Crooks won the 400 metre title at the first Pan Am Junior Championships in 1980, as well as a silver in the 4 x 400 metre relay. In 1981 she won a bronze at the World Cup in Rome as a member of the America's 4 x 400 metre relay team. She won a gold medal in the 4 x 400 metre relay and placed seventh in a nine-woman field in the individual 400 metre race at the 1982 Commonwealth games. In 1983, she won gold in the 400 metres at the Pan Am Games, and a silver in 4 x 400 metre relay, as well as a silver in the World University games as a member of the 4 x 400 metre team. In 1984 at the Los Angeles Olympics she won silver as a part of the team that set a national record of 3:21.21 for the 4 x 400 metre relay.

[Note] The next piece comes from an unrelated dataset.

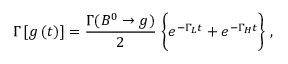<formula> <loc_0><loc_0><loc_500><loc_500>\Gamma \left [ g \left ( t \right ) \right ] = \frac { \Gamma ( B ^ { 0 } \rightarrow g ) } { 2 } \, \left \{ e ^ { - \Gamma _ { L } t } + e ^ { - \Gamma _ { H } t } \right \} \, ,</formula> 
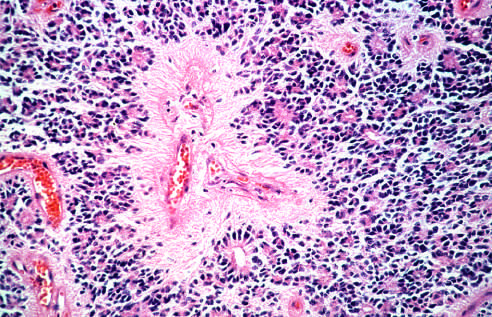do tumor cells have round nuclei, often with a clear cytoplasmic halo in oligodendroglioma?
Answer the question using a single word or phrase. Yes

She finished seventh in the final of the 400 metres in a personal best of 50.45. In 1986, she was again Commonwealth champion as a member of the winning 4 x 400 metre relay squad, and placed 5th in the individual 400 metres; in a close race in which less than half a second separated the second and sixth-place finishers. In 1987 she was on Canada's silver medal 4 x 400 metre relay team at the Pan Am Games. In 1989 at the World Cup she won gold as a member of the America's 4 x 400 metre relay team. She also took home two silver medals in the 400m and as part of Canada's 4 × 400 m relay team; at the Francophone Games in Casablanca in 1989. In 1992, she won a silver medal in the 400 metres at the World Cup and was again a member of the winning America's 4 x 400 metre relay team. At the Commonwealth games in Victoria in 1994, she was silver medallist in the 800 metres, and a bronze medallist in the 4 x 400 metres.

Biography
Crooks is the President and Founder of NGU Consultants (since 1994), a sports marketing, management and corporate consulting company, which provides strategic counsel and growth strategies to major corporations on a national and global basis. She is also a sought-after Keynote speaker, appearing at national and international conferences, corporate meetings and retreats and speaking on topics ranging from team building, leadership, inspiration and the Olympic Movement.

Crooks was elected to the International Olympic Committee (IOC) Athletes Commission in 1996 and was elected as a full voting Member of the IOC from 2000-2004. She continues to serve on the IOC Athletes' Commission, has been a Member of the IOC Press Commission since 2001, and was a founding member of the independent IOC Ethics Commission.

As an elected member of the Executive Board of the Canadian Olympic Committee (COC), Crooks is Chair of Olympians Canada (alumni body of Olympians) and the COC's Awards and Recognition/Hall of Fame Committee. As one of the original 2010 Olympic bid team members (since 1998) she is also one of twenty Directors for the Vancouver Organizing Committee for the 2010 Olympic and Paralympic Winter Games (VANOC), and served on both the VANOC Governance and Strategic Communications Committee.

From 2003-2011, Crooks was elected by her peers to serve on the Executive Board of the alumni body of Olympians, the World Olympians Association (WOA) and was a WOA Vice President. She was the founding and first Chair of the PASO Athletes' Commission. Crooks is a founding member and past member of the International Board of Directors for Right To Play, an athlete-driven international humanitarian organization that uses sports to encourage the development of youth in disadvantaged areas.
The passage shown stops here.